Gatineau homeless shelter back on track after sale cancelled
Local businessman Gilles Desjardins cancels plans to sell 217 rue Montcalm
A Gatineau, Que., businessman says he's cancelled the pending sale of a downtown building so the city can use it as a temporary homeless shelter, freeing up the Centre Robert Guertin.
Brigil Homes founder Gilles Desjardins had previously offered the building at 217 rue Montcalm for use as a shelter, but on Thursday announced he was selling the property.
He said he quickly changed course when he learned the local health authority, the Centre intégré de la santé et des services sociaux de l'Outaouais (CISSSO), had chosen the property as its preferred location for a new shelter.

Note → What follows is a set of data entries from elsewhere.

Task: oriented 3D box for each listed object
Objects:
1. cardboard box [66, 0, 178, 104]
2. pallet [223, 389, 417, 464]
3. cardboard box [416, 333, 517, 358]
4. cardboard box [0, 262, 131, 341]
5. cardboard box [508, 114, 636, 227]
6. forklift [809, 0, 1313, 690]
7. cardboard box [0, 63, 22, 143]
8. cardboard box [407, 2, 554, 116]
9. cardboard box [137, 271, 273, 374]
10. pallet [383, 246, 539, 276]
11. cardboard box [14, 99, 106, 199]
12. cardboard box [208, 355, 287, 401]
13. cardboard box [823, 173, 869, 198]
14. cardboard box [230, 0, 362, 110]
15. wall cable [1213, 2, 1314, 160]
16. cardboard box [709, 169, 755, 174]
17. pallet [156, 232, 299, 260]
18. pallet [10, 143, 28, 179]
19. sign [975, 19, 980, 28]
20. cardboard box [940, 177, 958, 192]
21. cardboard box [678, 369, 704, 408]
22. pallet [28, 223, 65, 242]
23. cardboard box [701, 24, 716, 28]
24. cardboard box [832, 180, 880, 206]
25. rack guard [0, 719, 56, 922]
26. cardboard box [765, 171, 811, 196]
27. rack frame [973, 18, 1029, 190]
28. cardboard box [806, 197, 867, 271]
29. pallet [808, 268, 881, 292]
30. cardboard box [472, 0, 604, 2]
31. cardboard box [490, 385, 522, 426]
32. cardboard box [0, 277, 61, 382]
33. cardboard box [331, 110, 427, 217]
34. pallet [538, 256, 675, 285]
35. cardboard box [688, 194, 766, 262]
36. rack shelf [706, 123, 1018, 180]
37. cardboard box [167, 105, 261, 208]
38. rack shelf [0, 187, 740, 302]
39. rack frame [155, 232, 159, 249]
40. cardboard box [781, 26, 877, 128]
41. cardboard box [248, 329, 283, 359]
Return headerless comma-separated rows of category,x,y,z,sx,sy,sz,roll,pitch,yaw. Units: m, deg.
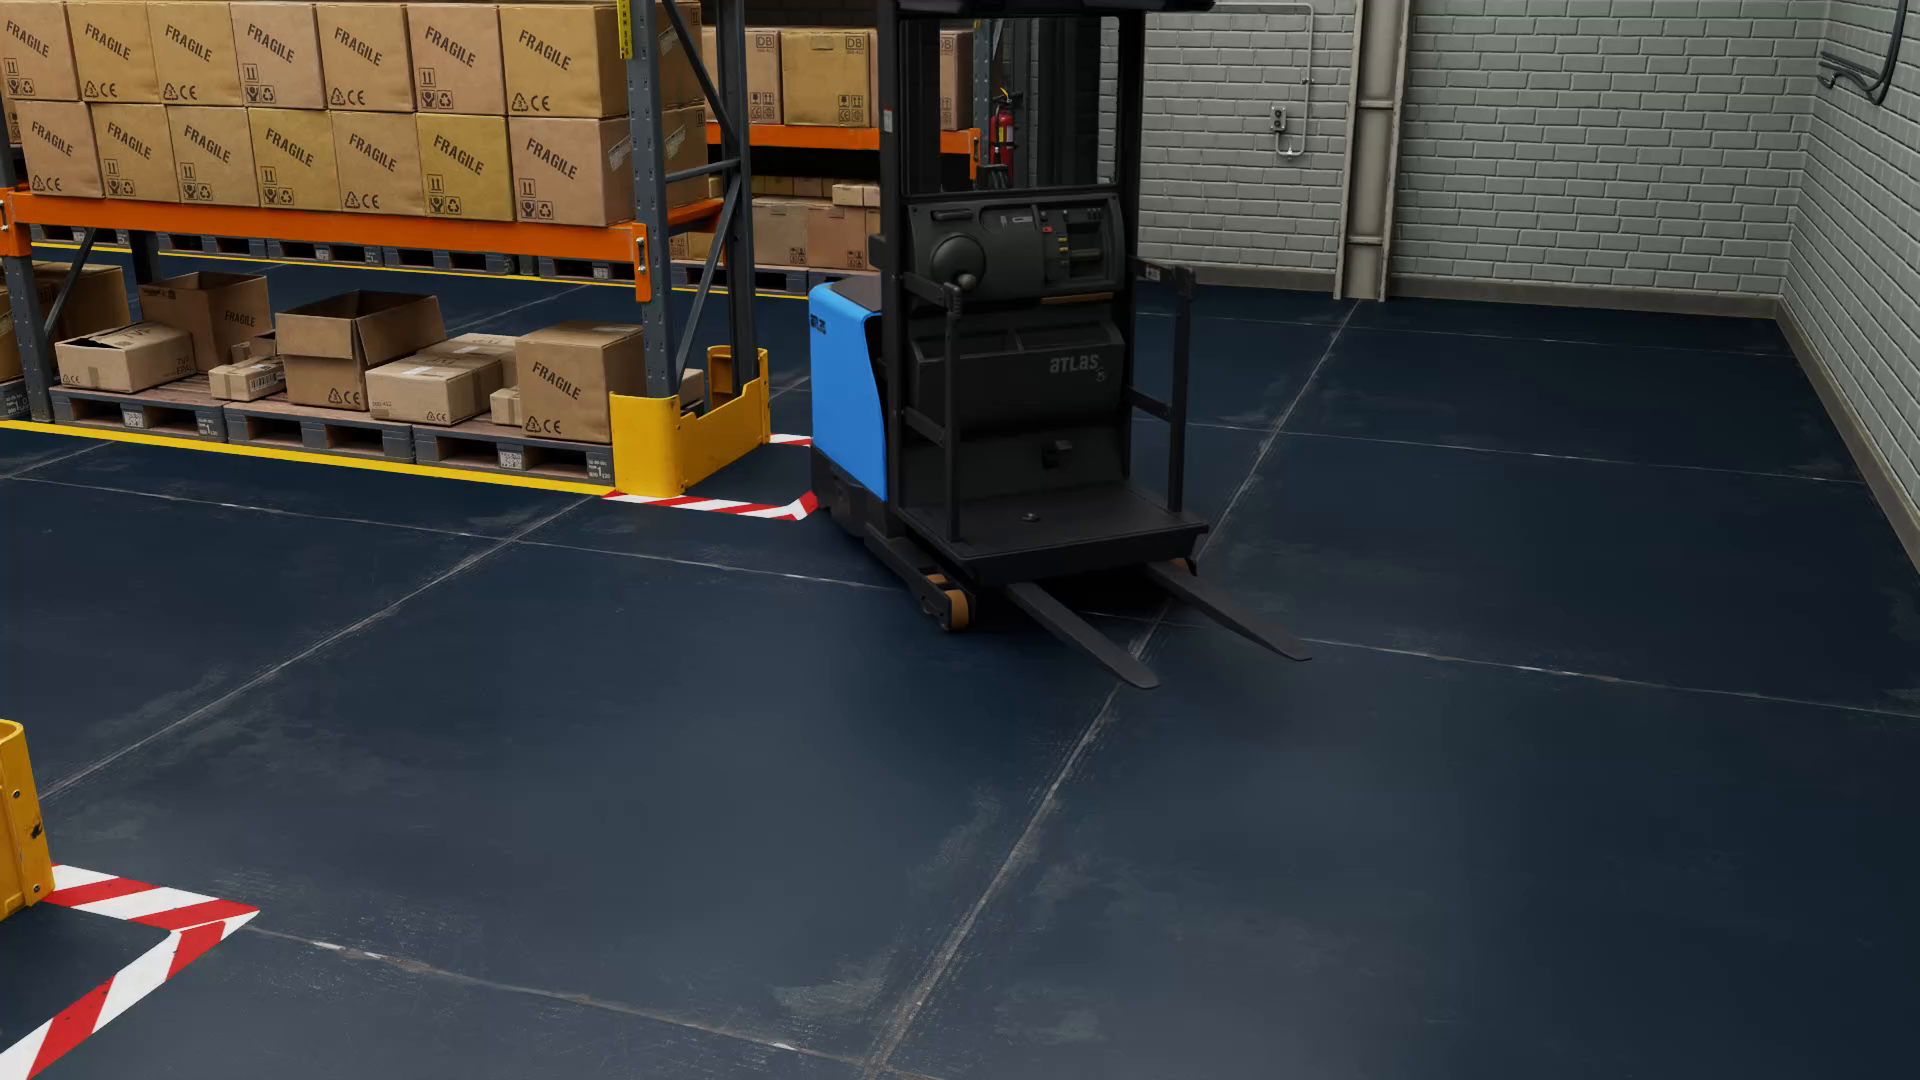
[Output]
cardboard box,-4.244,-2.564,8.705,0.500,0.500,0.500,6,20,16
pallet,-3.280,-0.717,9.311,1.213,0.211,1.003,7,20,18
cardboard box,-2.671,-0.971,9.315,0.500,0.250,0.500,7,20,18
cardboard box,-5.462,-1.395,10.149,0.500,0.500,0.500,6,20,16
cardboard box,-1.819,-1.818,8.083,0.500,0.500,0.500,7,20,20
forklift,0.322,-1.184,6.519,1.130,2.935,3.031,-8,21,-22
cardboard box,-5.459,-2.605,9.703,0.500,0.500,0.700,0,19,0
cardboard box,-2.294,-2.343,8.070,0.500,0.500,0.500,7,20,20
cardboard box,-4.453,-1.293,9.858,0.500,0.500,0.500,7,20,18
pallet,-4.216,-2.523,14.493,1.213,0.211,1.003,7,20,18
cardboard box,-4.693,-2.147,9.025,0.500,0.500,0.500,7,20,19
cardboard box,-3.939,-0.906,9.254,0.250,0.166,0.380,7,20,18
cardboard box,-0.910,-2.847,13.360,0.250,0.149,0.380,7,20,19
cardboard box,-3.271,-2.453,8.386,0.500,0.500,0.500,7,20,20
wall cable,1.836,-3.983,12.903,1.851,1.984,0.084,7,20,18
cardboard box,-1.876,-2.957,13.675,0.250,0.149,0.380,7,20,19
pallet,-6.521,-2.786,15.249,1.213,0.211,1.003,7,20,18
pallet,-5.804,-2.269,9.819,1.213,0.211,1.003,7,20,18
sign,0.125,-3.839,11.914,0.005,0.325,0.100,7,20,18
cardboard box,-0.194,-2.765,13.126,0.250,0.149,0.380,7,20,18
cardboard box,-1.589,-0.821,9.036,0.250,0.149,0.380,7,20,18
pallet,-9.127,-3.112,16.184,1.213,0.211,1.003,7,20,18
cardboard box,-2.268,-3.777,13.399,0.700,0.700,0.980,6,20,17
cardboard box,-0.801,-2.701,12.942,0.250,0.149,0.380,7,20,20
rack guard,-2.908,0.912,4.201,0.348,0.500,1.175,7,20,18
cardboard box,-1.393,-2.901,13.517,0.250,0.149,0.380,7,20,19
rack frame,0.316,-3.348,12.623,0.127,3.000,1.000,7,20,18
cardboard box,-0.851,-2.464,13.248,0.500,0.500,0.700,6,20,18
pallet,-0.465,-2.093,13.260,1.213,0.211,1.003,7,20,18
cardboard box,-2.135,-2.510,8.550,0.500,0.500,0.500,7,20,19
cardboard box,-2.254,-0.731,8.752,0.250,0.166,0.380,7,20,18
cardboard box,-5.645,-1.231,9.679,0.500,0.500,0.500,6,20,18
cardboard box,-2.779,-1.929,8.400,0.500,0.500,0.500,7,20,18
pallet,-2.770,-2.356,14.016,1.213,0.211,1.003,7,20,18
cardboard box,-1.832,-2.574,13.562,0.500,0.500,0.700,7,20,19
rack shelf,-1.573,-3.224,13.361,4.000,0.370,1.077,7,20,18
cardboard box,-3.736,-2.037,8.712,0.500,0.500,0.500,6,20,18
rack shelf,-3.195,-1.683,8.941,4.000,0.370,1.077,7,20,18
rack frame,-7.241,-4.212,15.102,0.127,3.000,1.000,7,20,18
cardboard box,-0.860,-3.616,12.938,0.700,0.700,0.980,6,20,18
cardboard box,-3.745,-1.123,9.657,0.500,0.311,0.500,7,20,18

"CISSSO has confirmed that 217 rue Montcalm is its first choice of a site to accommodate the homeless," according to a French-language news release from issued by Brigil later on Thursday. "Brigil and the buyer who has submitted an offer for 217 rue Montcalm have agreed to cancel the deal."
"For us, it is more important to help the community than to make a commercial transaction," Gilles Desjardins told Radio-Canada in French.
CISSSO, Olympiques welcome news
On Friday, a CISSSO spokesperson welcomed the news.
"This location therefore becomes a possibility again following the latest developments and the withdrawal of the purchase offer for the building," the spokesperson wrote in French.
It will also come as welcome news to the Gatineau Olympiques junior hockey team, which has been without a home rink since the Centre Robert Guertin was turned into a temporary shelter during the COVID-19 crisis.
"We just want to come back here [to the Guertin arena] at some point," the team's president, Norman MacMillan, told Radio-Canada in French.
MacMillian said he's been talking to Gatineau's mayor, as well as local MNAs Mathieu Lacombe and Mathieu Lévesque, about a solution.
"They understand that it would be important for us to come back to finish the year here with all that is going on," MacMillan said. "We want to help the homeless, but we also want to be ready [for the upcoming season]."